Group of Prof. Dr.
Group member: Sebastian Grünberg
The ability to reconstitute a pure and highly active RNA polymerase (RNAP) brought us in a position to examine the functions of single subunits of the 11-subunit Pyrococcus furiosus RNAP holo-enzyme. The holo-enzyme is composed of a 9-subunit core-enzyme, comprising the major groove and the catalytic centre, and the E’/F-heterodimer, which is the homologues to the eukaryotic Rpb7/4 subcomplex and only loosely bound to the core-enzyme.Within this project we were able to dissect the function of this subcomplex in transcription initiation.
In vitro transcription assays pointed out that under optimized conditions, the level of RNA synthesis by the core-enzyme equals the transcriptional activity of the reconstituted wild type RNAP, while lower incubation temperatures abolished the core-activity. This effect could be compensated by the addition of subunit E’. Permanganate (KMnO4)-footprinting assays revealed that the E’-induced stimulation of the transcription is based on an extension of the transcription bubble’s downstream border. Together with these results, analyses of the polII crystal structure suggest a role for E’ in closing the mobile clamp of the RNAP (Fig. 1), accompanied by the melting of the template DNA around the active centre of the RNAP and downstream of that region, respectively.
Analyses of the archaeal transcription factor E (TFE), the homologue of the N-terminal domain of the general polII transcription factor E (TFIIE) alpha-subunit, revealed a dual role of this factor in initiation reactions.
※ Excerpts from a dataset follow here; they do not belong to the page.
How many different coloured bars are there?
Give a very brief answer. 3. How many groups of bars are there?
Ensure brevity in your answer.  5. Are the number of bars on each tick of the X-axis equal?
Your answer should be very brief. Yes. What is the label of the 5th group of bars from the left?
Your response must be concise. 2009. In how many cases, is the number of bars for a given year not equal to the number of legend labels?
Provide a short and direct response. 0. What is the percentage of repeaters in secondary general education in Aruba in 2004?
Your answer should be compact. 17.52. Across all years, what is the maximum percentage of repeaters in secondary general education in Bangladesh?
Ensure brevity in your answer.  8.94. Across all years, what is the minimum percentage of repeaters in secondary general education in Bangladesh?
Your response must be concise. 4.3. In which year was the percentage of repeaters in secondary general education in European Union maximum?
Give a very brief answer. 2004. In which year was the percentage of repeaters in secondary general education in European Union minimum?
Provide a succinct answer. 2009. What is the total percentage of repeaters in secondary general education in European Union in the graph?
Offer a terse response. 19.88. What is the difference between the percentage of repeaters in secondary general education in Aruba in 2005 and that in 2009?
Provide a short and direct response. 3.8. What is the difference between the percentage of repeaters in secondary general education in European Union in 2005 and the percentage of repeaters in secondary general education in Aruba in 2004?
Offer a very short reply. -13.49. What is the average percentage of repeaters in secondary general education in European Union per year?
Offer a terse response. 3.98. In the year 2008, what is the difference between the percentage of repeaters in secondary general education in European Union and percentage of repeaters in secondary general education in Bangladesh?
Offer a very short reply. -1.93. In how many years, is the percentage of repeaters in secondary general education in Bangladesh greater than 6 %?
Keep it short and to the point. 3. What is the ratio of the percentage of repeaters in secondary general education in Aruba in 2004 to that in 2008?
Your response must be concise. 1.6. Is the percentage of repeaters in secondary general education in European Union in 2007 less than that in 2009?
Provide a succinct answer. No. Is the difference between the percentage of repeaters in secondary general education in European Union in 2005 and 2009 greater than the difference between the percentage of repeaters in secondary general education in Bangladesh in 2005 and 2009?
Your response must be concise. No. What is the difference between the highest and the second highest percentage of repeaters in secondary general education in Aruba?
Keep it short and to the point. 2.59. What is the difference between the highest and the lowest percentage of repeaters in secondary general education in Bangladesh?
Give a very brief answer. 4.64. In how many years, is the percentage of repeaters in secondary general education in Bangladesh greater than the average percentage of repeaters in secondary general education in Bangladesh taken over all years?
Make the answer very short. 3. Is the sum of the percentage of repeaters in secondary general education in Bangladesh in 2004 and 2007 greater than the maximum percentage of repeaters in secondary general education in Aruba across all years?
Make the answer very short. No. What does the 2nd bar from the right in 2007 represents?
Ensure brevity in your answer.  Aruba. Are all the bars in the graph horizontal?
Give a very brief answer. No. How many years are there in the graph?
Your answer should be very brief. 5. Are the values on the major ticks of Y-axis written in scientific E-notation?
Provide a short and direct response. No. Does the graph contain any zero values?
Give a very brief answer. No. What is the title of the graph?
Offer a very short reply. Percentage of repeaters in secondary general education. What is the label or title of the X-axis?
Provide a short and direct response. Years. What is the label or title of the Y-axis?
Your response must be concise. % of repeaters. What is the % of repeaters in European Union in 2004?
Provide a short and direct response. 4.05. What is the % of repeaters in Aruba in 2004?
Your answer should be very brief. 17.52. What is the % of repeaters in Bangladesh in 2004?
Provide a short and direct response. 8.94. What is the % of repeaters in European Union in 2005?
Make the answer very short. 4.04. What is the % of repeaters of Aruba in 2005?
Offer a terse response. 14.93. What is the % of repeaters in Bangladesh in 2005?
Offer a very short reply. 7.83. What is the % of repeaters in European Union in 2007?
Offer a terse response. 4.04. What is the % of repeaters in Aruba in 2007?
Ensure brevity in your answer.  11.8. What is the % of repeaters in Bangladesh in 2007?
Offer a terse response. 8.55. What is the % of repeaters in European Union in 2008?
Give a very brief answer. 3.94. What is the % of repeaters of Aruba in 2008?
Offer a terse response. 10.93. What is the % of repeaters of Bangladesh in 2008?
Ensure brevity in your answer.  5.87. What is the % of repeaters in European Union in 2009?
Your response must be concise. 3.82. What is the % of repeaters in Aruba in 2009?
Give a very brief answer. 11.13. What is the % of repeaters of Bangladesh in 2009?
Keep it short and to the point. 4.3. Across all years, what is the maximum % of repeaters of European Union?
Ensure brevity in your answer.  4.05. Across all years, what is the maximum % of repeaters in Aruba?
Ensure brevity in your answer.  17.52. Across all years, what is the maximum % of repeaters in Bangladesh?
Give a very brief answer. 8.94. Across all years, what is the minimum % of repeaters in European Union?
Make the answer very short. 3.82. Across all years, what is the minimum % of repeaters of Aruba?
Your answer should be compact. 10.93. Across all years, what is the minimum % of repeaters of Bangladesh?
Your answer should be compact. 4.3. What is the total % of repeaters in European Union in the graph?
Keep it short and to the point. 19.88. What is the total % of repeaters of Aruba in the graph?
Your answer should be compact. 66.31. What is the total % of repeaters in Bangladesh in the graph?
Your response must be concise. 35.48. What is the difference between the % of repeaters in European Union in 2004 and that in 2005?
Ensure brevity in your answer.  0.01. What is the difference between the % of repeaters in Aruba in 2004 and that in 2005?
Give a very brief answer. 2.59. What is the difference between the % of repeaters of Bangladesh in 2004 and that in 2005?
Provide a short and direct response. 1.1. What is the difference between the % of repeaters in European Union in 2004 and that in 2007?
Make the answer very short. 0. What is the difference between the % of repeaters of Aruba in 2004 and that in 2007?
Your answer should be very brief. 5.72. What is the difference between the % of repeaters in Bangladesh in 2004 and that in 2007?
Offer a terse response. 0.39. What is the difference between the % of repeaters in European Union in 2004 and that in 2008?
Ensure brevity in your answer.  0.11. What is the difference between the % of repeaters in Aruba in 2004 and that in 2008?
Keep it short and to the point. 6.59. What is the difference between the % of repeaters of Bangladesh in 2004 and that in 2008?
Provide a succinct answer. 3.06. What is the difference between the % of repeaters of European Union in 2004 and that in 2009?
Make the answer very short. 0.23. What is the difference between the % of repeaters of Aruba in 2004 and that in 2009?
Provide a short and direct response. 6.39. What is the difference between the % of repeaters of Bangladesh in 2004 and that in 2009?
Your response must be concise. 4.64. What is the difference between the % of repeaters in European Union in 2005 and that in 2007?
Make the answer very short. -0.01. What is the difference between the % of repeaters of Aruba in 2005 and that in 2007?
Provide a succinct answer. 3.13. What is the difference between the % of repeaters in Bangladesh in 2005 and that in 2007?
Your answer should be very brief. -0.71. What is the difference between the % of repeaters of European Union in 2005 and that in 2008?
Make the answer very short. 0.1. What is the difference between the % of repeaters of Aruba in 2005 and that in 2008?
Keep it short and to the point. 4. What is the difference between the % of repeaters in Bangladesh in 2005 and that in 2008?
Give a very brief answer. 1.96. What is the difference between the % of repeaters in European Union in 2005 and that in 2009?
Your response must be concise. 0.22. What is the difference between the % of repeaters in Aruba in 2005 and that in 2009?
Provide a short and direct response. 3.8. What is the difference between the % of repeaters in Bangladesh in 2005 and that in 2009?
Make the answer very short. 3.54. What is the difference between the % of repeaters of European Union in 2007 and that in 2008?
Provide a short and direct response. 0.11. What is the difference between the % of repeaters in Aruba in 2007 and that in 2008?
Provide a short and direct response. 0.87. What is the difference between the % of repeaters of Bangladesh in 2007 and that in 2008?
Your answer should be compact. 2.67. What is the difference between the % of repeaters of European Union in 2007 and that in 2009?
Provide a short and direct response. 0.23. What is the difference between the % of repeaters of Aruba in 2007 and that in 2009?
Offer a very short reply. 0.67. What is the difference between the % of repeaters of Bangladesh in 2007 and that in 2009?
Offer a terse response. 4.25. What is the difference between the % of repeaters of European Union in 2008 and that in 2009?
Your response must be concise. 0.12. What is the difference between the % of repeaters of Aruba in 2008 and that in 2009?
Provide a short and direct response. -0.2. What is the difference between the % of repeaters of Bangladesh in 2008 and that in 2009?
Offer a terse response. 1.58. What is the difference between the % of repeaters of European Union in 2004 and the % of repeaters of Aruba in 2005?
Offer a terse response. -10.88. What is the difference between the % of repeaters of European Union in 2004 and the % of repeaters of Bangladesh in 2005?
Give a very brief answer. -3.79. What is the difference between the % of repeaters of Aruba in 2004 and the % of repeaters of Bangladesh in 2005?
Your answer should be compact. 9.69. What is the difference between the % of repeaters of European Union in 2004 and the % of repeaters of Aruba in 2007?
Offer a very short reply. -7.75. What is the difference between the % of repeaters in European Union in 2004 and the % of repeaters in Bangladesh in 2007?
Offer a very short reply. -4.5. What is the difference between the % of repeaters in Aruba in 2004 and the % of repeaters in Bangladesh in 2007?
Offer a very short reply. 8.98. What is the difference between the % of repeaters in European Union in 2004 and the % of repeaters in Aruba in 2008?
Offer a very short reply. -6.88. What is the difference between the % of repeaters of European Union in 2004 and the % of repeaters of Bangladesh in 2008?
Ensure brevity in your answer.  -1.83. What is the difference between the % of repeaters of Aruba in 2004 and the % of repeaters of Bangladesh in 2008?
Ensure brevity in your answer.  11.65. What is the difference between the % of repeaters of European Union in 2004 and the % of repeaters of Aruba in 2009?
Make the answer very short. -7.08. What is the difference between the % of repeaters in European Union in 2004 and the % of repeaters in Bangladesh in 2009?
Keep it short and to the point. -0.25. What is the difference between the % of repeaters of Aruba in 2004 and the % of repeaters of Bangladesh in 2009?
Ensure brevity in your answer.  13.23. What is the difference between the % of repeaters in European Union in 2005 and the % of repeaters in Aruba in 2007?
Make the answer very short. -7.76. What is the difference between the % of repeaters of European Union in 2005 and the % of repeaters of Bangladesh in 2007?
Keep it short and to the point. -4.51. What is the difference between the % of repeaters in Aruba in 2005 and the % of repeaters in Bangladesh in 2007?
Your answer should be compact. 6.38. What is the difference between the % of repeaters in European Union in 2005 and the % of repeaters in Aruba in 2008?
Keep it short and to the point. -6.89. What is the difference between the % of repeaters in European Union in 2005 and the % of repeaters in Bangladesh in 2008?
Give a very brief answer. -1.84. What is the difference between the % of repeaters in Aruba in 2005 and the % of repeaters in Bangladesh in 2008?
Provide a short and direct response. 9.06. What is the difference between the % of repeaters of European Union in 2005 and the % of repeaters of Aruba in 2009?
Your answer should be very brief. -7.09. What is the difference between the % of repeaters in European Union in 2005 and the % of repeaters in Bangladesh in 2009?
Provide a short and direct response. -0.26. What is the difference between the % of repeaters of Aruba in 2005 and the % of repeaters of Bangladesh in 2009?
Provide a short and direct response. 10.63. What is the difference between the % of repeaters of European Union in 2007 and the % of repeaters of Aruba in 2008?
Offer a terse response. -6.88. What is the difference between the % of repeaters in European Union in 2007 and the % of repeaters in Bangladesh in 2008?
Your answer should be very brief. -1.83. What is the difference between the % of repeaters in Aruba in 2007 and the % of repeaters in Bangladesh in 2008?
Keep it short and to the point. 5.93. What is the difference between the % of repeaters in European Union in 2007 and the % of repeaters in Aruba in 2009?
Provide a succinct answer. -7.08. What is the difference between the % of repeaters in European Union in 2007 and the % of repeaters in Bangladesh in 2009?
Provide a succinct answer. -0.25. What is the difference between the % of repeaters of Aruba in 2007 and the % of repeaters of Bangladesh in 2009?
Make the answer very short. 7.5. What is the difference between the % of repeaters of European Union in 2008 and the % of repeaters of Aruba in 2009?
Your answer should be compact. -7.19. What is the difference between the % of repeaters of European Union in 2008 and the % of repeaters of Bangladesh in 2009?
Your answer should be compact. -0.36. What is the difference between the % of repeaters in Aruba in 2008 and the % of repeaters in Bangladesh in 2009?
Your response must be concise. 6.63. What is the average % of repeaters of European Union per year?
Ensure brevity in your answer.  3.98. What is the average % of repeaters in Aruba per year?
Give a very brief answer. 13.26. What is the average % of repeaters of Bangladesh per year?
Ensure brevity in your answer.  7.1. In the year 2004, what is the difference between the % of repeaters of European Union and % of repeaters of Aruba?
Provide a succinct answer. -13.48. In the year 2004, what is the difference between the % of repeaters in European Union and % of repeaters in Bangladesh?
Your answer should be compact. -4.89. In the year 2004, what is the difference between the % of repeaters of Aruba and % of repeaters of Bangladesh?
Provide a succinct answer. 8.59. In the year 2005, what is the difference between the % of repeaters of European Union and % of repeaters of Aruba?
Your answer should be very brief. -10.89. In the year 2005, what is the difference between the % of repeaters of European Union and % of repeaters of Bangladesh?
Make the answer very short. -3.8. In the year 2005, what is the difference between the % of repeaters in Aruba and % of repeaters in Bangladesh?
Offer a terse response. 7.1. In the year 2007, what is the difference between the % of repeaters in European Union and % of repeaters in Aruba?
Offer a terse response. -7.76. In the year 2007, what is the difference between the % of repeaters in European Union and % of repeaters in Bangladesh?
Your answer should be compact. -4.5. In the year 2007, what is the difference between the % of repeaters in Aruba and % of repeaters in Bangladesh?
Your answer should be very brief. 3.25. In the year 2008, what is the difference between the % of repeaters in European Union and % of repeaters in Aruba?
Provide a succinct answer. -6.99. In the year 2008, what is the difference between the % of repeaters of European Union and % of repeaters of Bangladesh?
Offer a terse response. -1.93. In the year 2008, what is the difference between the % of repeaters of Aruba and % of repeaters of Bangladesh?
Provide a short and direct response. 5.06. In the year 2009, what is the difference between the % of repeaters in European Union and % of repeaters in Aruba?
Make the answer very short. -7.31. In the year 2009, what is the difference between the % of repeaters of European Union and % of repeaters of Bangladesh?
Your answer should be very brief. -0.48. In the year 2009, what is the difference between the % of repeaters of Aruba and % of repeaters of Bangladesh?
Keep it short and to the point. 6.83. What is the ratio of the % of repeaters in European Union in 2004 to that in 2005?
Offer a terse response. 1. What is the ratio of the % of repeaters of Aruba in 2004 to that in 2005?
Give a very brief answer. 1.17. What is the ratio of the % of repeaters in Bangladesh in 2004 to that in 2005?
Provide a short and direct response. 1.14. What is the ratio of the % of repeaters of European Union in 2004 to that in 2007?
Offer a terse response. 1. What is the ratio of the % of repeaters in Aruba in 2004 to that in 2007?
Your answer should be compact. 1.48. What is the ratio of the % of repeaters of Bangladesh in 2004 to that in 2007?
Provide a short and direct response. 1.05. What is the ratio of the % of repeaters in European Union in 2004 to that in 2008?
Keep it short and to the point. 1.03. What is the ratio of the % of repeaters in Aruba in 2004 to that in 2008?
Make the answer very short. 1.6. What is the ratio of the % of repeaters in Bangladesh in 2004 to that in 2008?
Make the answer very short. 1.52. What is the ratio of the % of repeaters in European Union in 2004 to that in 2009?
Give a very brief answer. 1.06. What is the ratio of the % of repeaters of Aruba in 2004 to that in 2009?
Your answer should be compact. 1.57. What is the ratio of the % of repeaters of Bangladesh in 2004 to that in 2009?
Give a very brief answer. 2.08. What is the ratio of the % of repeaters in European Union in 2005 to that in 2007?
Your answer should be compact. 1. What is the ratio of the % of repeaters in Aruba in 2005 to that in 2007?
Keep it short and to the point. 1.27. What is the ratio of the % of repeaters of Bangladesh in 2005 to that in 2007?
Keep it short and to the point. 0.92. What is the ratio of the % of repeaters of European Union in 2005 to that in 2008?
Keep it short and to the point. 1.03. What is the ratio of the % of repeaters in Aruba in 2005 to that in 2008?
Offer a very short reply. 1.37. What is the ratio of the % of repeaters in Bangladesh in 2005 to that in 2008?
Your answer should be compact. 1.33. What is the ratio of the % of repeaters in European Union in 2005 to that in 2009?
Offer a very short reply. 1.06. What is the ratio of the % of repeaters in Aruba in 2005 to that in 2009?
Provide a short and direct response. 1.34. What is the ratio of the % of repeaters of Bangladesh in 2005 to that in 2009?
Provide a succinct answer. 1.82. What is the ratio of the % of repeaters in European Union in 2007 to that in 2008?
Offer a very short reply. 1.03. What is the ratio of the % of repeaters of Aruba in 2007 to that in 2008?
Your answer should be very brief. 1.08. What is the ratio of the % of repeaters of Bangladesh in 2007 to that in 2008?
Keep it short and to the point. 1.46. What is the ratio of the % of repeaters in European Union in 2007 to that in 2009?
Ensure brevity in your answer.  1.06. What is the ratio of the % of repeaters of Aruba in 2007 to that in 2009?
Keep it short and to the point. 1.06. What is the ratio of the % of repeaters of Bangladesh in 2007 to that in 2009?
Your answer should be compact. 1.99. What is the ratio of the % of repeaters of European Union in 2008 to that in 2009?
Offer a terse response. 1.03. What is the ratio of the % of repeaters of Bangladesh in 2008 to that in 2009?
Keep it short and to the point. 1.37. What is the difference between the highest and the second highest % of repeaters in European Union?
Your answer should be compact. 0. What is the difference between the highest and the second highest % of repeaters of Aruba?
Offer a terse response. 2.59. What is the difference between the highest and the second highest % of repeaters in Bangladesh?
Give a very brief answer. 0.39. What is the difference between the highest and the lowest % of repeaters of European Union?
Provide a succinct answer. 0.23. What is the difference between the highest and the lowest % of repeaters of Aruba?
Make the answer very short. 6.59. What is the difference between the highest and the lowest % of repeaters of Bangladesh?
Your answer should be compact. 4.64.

First, TFE stabilizes preinitiation complexes (PICs) formed by the core-enzyme, as assayed in heparin-competition experiments. Second, TFE dramatically stimulates the E’-dependent activity of the core-enzyme. KMnO4-footprinting studies showed that this stimulation is based on the stabilization of the transcription bubble by TFE as well as an active TFE-induced opening of the DNA at the upstream border of the bubble. In cooperation with Mike Bartlett’s group (Portland State University, Portland, Oregon, USA) we were able to document direct binding of TFE to the surface-exposed non-coding strand in PICs, resulting in increased stability and further extension of the bubble.Summarizing the results mentioned above, we were able to shed new light on the process of initiation of a polII-like transcriptional machinery (Fig. 2). After core-RNAP recruitment to the promoter platform (A) a minimal open complex is formed (B). Binding of E’/F induces clamp closure, resulting in an extension of the transcription bubble towards the transcription start site (C) and this step is crucial for transcriptional activity. TFE is recruited to the PIC and interacts with the non template strand in the region upstream of the start site, accompanied by an active opening of the DNA at the upstream border of the bubble, resulting in a full open complex (D).